All Saints Church is a Roman Catholic church located at 3/5 Grzybowski Square in Warsaw, the seat of the parish of All Saints in Warsaw.

== History ==
The first plans to found a church in the village of Grzybów near Warsaw emerged in the 17th century, under the rule of King Michał Korybut Wiśniowiecki. It was only in the 19th century that serious work started with the growth of the local population. In 1856 Countess Gabriella Zabiełło donated her Grzybów estate to the Society of Missionary Priests and also provided financial assistance.

The design was by the architect Enrico Marconi, construction work commenced in 1861. The design was modelled on an existing Renaissance style Abbey of Santa Giustina in Padua. The church was dedicated on October 31, 1883, by Archbishop Wincenty Popiel. The church was finally completed in 1892 with the completion of the two bell towers.

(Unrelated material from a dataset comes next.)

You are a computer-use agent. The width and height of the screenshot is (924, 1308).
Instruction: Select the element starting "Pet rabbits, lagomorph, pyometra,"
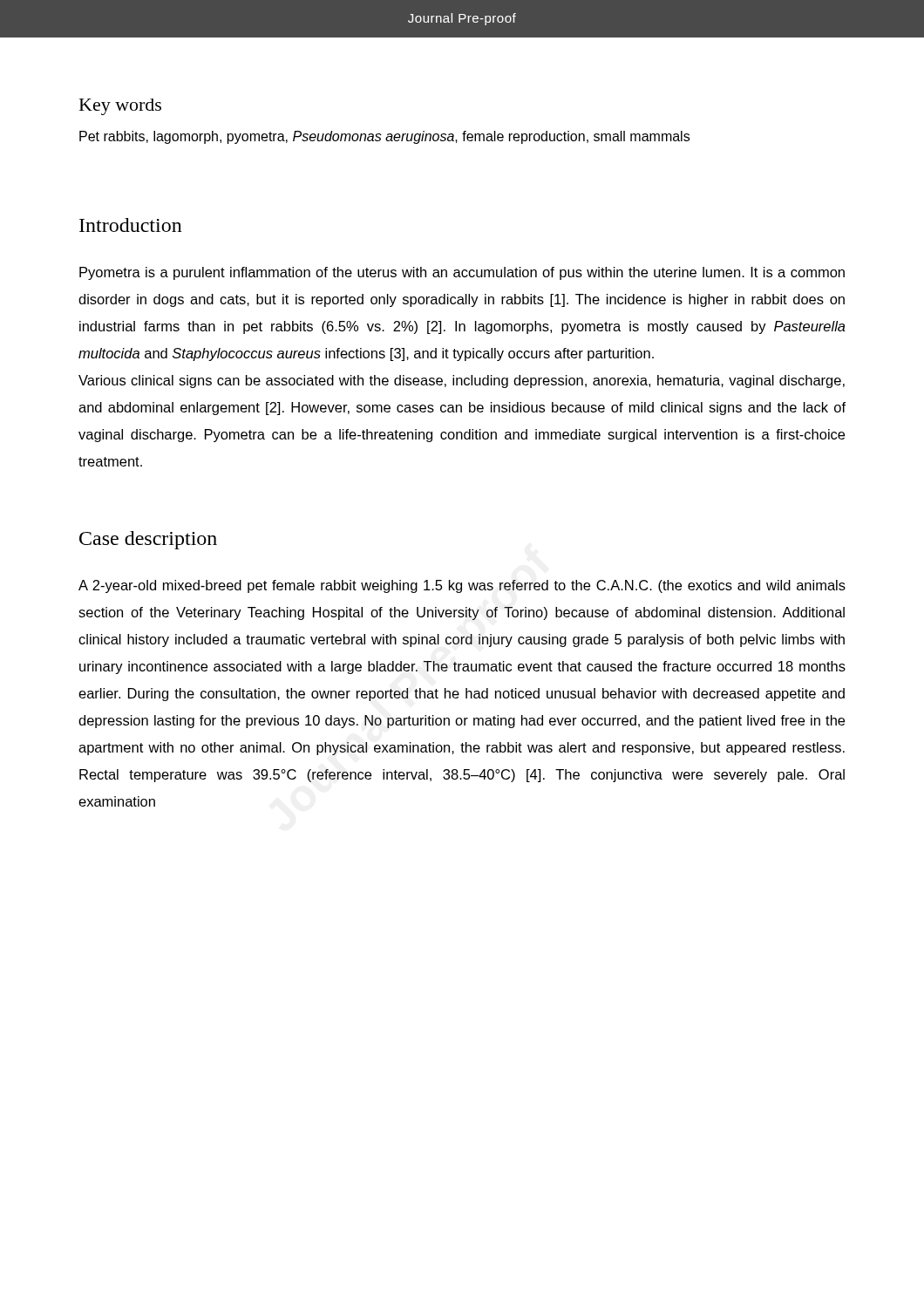click(x=384, y=137)

During the defensive war in 1939, the roof was slightly damaged. During the occupation, it was one of three Christian churches (two that were operating) in the ghetto (the other two being St. Augustine's Church and the Church of the Nativity of the Blessed Virgin Mary). All Saints Church served Jewish Christians who were detained in the ghetto.

At that time, the parish priest, Fr. Monsignor Marceli Godlewski, known for his antipathy to the Jews before the war, became involved in helping them. At the rectory of the parish, the priest sheltered and helped many escape including: Ludwik Hirszfeld, Louis-Christophe Zaleski-Zamenhof, and Wanda Zamenhof-Zaleska. For his actions in 2009 he was posthumously awarded the Righteous Among the Nations medal.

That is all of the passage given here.